GAZA CITY—Prime Minister Ismail Haniyeh of Hamas said Friday that Palestinian factions had agreed to halt rocket fire if Israel reciprocates by stopping its military offensives in the West Bank and Gaza Strip.
Miri Eisin, a spokeswoman for Israeli Prime Minister Ehud Olmert, rejected the proposal as “ludicrous,” and called on the Palestinians to come up with a more realistic plan for halting the cycle of violence. Palestinian militant factions — including the ruling Hamas group — have often agreed among themselves to halt violence against Israel should the military respond in kind, a proposal that has failed time and again to bring an end to the fighting.
On Thursday, the factions again met and reached a deal to halt rocket fire from Gaza into Israel, activity that has led Israel to launch a broad offensive into the coastal area. But on Friday, violence in the Gaza Strip continued unabated with Israeli soldiers killing two Palestinians, including a 10-year-old boy, and militants firing at least two rockets at Israeli towns bordering the Gaza Strip. The deaths came a day after a 64-year-old Palestinian grandmother blew herself up alongside Israeli troops operating in northern Gaza, killing herself and lightly wounding two soldiers.
Haniyeh said Palestinians would not shoulder the responsibility of the truce. “The ball now is in the Israeli court,” Haniyeh said. “It (Israel) must stop its aggression and escalation against the Palestinian people, then there will be no problem according to what the factions agreed in their last meeting.” Haniyeh was scheduled to meet faction leaders again later Friday, and the sides hoped to draw up a written truce proposal, officials said.

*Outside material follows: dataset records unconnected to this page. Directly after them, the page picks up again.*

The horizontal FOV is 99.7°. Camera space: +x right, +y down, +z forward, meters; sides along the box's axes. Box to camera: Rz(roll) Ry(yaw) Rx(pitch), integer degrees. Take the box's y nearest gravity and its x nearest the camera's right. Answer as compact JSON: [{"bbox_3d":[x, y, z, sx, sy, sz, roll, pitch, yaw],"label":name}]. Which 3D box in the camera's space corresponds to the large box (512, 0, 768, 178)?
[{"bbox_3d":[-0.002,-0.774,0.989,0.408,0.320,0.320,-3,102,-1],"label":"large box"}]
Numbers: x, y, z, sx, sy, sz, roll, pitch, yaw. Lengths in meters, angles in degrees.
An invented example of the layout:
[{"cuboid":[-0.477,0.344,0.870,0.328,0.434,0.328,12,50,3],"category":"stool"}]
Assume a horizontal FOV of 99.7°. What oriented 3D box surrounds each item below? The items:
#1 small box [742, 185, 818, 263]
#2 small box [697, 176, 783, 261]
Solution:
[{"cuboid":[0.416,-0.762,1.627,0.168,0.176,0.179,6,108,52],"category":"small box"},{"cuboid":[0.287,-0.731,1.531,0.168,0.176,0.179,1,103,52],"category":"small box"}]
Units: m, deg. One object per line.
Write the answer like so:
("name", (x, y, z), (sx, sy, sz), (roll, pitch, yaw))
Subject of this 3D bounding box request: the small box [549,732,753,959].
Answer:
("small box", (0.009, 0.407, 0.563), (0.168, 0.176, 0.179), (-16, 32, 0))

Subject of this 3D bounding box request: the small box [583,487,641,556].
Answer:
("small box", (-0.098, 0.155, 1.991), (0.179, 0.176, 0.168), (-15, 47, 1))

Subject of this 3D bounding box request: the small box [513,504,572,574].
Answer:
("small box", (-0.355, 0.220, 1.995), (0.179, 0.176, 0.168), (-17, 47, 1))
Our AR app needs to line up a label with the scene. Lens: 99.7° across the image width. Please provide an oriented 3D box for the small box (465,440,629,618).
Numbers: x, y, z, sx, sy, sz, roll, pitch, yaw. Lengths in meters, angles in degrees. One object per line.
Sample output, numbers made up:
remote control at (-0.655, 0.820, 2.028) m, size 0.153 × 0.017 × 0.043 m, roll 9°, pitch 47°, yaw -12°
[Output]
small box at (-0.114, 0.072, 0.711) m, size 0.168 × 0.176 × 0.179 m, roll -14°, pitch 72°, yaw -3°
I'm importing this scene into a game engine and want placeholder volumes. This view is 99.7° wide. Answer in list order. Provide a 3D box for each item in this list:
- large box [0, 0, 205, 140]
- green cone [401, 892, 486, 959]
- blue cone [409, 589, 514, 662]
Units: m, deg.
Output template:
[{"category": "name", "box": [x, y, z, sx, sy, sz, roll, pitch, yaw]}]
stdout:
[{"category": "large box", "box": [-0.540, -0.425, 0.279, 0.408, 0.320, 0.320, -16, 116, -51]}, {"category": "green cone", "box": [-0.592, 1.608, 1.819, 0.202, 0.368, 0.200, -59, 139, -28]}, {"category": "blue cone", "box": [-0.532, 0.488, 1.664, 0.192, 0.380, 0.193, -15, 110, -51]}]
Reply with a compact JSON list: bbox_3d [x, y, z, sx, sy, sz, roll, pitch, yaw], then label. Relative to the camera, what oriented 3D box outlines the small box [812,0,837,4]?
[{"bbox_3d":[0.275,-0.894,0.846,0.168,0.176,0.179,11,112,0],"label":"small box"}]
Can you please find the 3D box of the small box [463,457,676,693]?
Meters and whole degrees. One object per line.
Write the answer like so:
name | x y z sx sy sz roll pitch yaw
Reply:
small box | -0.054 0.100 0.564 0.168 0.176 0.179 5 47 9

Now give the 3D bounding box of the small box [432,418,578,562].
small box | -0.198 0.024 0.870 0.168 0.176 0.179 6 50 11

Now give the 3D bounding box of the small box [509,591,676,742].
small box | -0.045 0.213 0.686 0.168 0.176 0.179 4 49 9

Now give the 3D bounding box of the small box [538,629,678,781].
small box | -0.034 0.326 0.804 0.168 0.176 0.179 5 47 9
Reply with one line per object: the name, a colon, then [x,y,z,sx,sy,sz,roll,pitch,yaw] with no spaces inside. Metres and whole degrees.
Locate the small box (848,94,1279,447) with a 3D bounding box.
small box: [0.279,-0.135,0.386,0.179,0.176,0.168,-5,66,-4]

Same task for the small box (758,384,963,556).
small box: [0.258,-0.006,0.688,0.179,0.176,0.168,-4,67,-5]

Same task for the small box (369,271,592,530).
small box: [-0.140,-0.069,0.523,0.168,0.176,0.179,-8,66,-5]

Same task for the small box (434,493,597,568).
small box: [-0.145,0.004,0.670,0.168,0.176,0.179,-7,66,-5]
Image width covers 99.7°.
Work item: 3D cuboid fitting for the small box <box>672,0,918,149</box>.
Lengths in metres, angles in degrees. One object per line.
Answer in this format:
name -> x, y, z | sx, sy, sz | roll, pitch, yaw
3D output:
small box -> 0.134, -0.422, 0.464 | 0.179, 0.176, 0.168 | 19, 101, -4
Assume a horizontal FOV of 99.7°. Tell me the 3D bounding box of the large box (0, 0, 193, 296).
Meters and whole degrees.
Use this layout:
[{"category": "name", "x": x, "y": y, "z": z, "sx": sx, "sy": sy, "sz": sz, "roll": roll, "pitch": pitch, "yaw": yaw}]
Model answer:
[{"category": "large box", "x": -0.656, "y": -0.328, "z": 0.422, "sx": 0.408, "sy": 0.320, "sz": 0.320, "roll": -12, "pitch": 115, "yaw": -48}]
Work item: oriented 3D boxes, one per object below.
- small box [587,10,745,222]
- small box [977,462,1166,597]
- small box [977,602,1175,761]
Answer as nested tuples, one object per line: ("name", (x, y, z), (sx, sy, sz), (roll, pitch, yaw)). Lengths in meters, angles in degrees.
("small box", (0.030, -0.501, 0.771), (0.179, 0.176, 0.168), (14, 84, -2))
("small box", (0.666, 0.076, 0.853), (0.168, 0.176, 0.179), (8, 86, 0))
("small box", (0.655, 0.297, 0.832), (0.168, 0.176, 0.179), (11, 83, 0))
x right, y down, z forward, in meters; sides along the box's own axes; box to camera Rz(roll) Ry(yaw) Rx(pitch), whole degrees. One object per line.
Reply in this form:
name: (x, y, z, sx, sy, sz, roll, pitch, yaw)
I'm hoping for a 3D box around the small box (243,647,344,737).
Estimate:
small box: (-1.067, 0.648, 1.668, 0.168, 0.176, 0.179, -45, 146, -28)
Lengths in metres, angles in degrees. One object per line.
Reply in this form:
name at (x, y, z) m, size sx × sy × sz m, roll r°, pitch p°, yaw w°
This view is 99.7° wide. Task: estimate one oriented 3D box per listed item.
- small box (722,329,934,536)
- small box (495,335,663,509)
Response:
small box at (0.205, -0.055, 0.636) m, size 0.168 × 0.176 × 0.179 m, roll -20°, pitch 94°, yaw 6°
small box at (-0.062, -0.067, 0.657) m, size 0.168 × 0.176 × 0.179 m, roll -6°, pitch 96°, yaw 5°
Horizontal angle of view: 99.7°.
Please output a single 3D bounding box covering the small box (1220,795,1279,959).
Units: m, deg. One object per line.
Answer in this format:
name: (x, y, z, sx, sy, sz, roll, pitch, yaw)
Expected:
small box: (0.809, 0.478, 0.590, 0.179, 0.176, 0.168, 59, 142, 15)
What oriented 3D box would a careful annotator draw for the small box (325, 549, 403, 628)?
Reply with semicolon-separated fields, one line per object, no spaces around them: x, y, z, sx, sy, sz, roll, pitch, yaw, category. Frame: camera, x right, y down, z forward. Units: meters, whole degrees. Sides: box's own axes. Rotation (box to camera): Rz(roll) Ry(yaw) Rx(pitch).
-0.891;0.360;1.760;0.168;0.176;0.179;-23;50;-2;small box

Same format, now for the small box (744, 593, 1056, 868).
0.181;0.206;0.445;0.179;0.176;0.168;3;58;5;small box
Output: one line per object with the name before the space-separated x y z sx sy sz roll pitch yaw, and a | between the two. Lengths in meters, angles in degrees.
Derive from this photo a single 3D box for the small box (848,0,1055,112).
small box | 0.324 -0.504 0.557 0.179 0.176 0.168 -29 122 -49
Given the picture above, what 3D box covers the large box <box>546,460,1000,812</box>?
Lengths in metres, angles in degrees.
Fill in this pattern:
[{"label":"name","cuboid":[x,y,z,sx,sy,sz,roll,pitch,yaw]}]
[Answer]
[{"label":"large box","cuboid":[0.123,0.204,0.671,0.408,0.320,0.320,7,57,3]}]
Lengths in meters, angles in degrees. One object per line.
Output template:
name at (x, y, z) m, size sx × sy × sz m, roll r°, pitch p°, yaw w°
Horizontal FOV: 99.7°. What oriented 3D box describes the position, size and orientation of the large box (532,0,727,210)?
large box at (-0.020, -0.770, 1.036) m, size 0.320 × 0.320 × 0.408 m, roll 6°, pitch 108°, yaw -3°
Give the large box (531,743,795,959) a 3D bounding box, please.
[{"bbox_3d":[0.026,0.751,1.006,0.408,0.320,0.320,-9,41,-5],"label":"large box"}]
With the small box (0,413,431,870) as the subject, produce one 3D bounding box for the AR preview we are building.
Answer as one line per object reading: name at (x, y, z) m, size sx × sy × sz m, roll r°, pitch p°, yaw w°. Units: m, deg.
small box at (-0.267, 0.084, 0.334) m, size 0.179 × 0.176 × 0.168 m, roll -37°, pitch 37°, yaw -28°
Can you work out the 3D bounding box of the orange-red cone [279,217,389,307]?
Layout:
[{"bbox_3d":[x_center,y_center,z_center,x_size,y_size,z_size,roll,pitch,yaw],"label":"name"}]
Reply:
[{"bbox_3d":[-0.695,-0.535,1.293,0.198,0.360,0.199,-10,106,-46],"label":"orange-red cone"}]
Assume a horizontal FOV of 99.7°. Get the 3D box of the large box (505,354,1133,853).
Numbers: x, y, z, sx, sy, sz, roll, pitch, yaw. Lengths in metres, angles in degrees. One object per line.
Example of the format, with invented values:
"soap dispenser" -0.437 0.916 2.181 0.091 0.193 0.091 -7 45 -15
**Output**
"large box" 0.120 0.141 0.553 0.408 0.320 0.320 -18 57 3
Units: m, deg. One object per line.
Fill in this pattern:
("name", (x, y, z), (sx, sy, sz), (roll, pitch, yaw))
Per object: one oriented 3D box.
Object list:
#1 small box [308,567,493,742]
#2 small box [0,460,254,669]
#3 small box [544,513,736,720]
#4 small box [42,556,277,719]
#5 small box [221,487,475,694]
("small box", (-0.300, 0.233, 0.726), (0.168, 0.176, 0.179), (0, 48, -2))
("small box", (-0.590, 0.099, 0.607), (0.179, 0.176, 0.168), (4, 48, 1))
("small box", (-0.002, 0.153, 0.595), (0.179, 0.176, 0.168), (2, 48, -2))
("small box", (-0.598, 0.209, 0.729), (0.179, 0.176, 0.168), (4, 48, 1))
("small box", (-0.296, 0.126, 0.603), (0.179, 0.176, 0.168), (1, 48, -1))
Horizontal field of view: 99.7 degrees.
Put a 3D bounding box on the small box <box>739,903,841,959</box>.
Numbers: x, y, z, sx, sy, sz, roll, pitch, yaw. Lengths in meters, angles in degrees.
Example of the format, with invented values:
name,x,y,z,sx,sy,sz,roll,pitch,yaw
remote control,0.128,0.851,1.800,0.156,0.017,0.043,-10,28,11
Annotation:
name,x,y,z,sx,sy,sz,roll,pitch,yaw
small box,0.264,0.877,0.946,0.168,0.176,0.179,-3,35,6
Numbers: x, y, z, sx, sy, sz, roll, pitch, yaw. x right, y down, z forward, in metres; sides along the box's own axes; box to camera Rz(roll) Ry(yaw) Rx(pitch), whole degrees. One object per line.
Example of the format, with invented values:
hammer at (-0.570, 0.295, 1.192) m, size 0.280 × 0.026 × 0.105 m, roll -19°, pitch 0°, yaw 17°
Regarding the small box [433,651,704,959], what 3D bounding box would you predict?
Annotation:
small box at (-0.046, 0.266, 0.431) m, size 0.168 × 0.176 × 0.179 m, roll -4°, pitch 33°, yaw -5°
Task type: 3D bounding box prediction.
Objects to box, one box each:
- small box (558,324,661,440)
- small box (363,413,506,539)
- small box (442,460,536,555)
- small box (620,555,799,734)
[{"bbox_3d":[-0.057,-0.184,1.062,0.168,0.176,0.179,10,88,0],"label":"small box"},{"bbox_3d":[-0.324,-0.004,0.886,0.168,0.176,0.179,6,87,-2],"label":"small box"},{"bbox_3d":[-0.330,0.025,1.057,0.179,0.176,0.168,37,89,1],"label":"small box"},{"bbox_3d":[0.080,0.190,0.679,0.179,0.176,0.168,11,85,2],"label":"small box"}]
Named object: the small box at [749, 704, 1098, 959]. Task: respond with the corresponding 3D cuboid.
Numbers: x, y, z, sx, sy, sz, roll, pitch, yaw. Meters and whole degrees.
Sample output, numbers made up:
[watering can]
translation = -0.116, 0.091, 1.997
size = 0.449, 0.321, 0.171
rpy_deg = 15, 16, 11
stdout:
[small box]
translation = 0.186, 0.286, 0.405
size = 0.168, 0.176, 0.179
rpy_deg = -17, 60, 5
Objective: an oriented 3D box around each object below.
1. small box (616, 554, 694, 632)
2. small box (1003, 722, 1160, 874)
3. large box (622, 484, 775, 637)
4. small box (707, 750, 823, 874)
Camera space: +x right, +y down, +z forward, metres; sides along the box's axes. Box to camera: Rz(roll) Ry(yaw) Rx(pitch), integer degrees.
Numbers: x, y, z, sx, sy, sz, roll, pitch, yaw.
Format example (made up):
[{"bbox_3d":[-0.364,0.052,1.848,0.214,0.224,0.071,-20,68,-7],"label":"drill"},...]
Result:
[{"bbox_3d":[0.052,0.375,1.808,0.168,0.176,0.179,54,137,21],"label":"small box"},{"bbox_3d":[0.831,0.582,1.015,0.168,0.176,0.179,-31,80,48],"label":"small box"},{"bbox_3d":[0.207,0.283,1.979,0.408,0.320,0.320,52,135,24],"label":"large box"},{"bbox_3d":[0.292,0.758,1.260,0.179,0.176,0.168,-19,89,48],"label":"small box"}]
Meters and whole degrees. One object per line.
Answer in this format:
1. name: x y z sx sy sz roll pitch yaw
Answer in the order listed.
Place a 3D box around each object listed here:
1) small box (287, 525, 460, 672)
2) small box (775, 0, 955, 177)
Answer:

Fawzi Barhoum, a Hamas spokesman, said the Palestinians will not initiate a truce in any case. “There is no room for a truce while the aggression continues,” Barhoum said. “Israel must first stop its aggression, lift the siege and release prisoners.” Palestinian President Mahmoud Abbas recently got involved in efforts to nail down a cease-fire, and will hopefully come up with a more serious proposal that Israel could respond to, Eisin said.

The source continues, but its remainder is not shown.